Problem details
Repeat the listing below in full and exactly, but without its pictures.
=====
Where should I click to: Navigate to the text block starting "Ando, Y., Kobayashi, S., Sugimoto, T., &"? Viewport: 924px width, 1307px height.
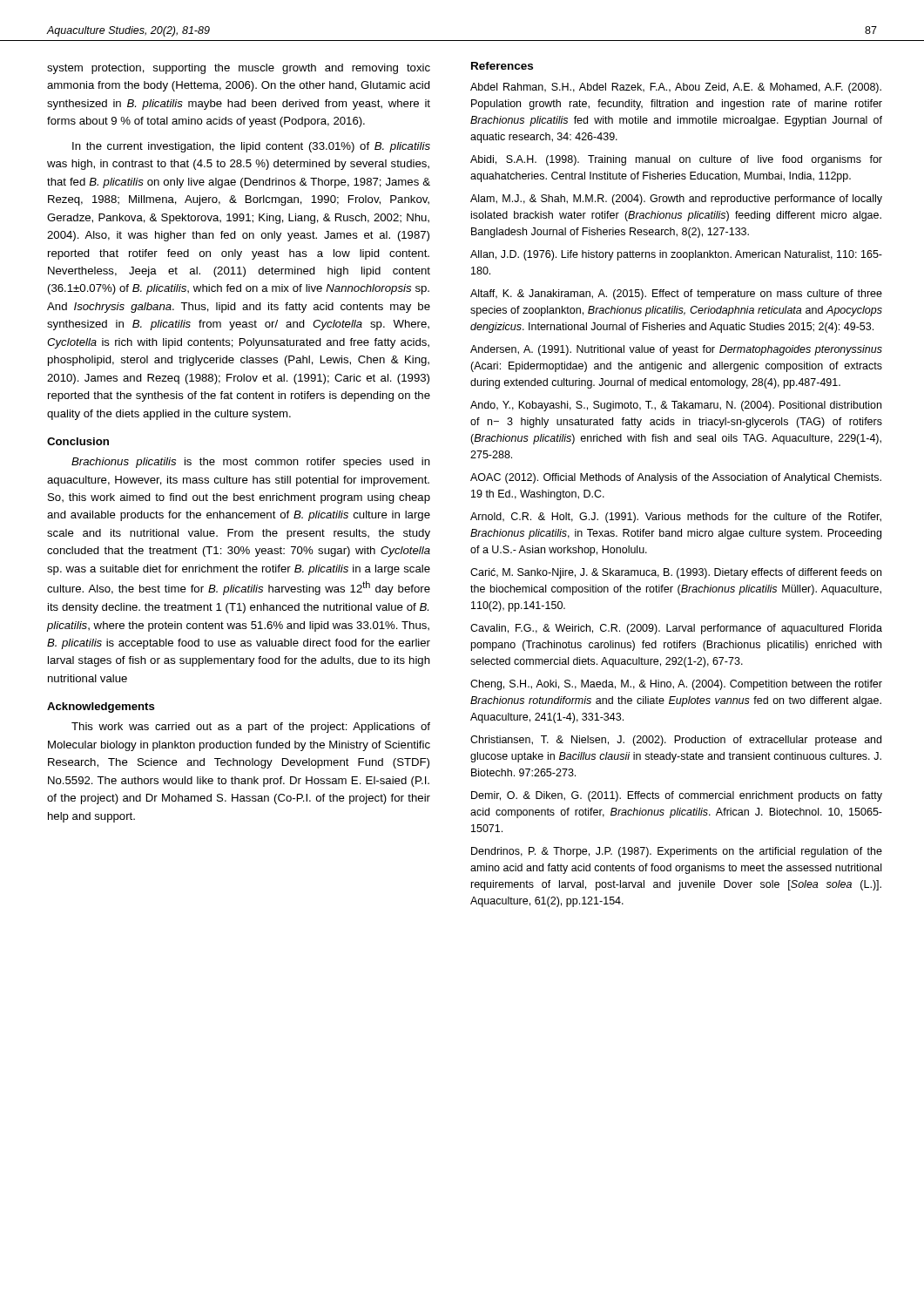676,430
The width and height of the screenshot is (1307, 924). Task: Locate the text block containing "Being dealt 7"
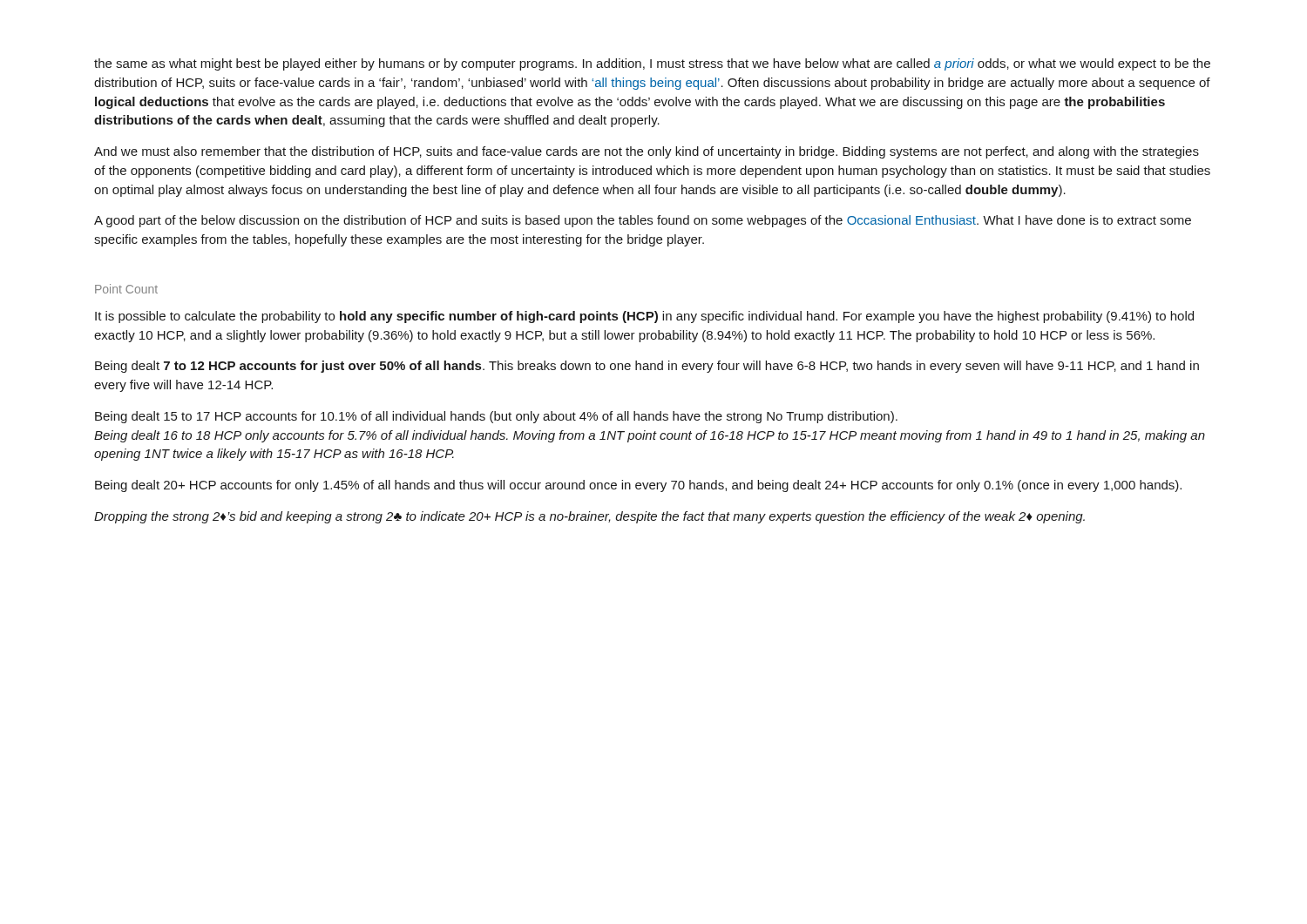647,375
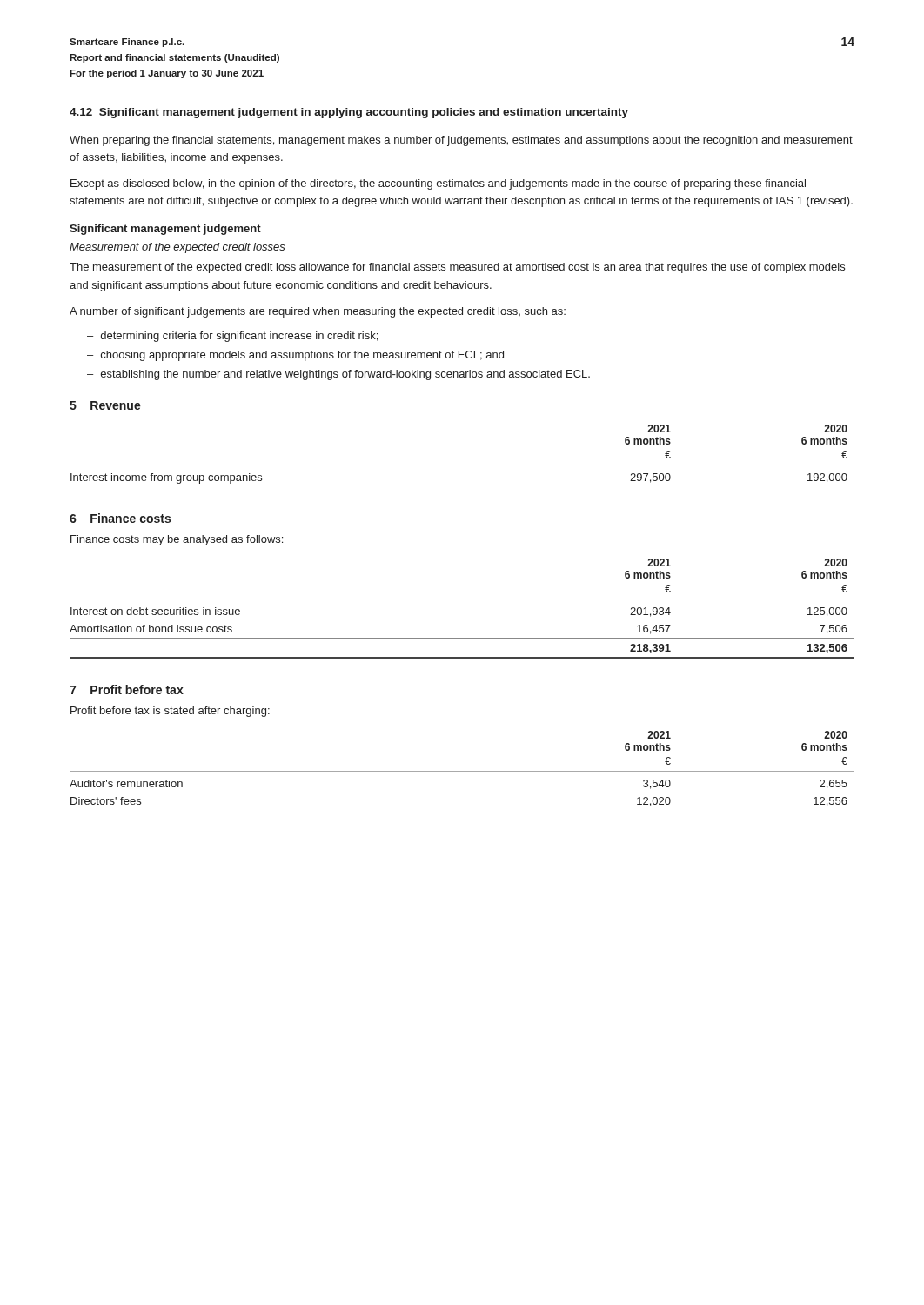Point to the section header beginning "4.12 Significant management judgement in applying accounting policies"

coord(349,112)
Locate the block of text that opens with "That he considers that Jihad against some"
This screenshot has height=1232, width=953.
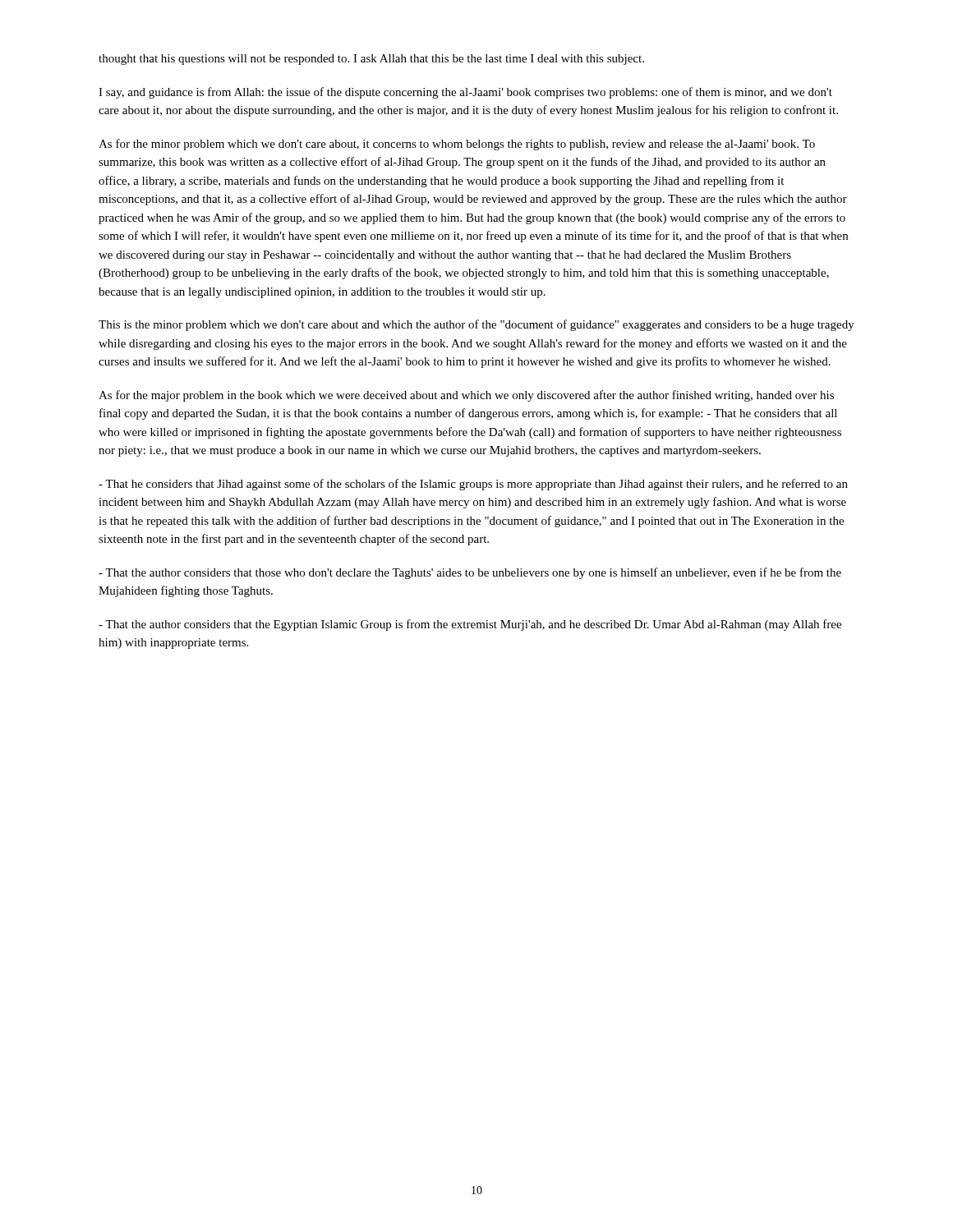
=====
Task solution
Where should I click to: Navigate to the text block starting "Ando, Y., Kobayashi, S., Sugimoto, T., &"? Viewport: 924px width, 1307px height.
676,430
The width and height of the screenshot is (1307, 924). Task: Locate the text block containing "Being dealt 7"
647,375
Point to the section header beginning "4.12 Significant management judgement in applying accounting policies"

coord(349,112)
Locate the block of text that opens with "That he considers that Jihad against some"
This screenshot has height=1232, width=953.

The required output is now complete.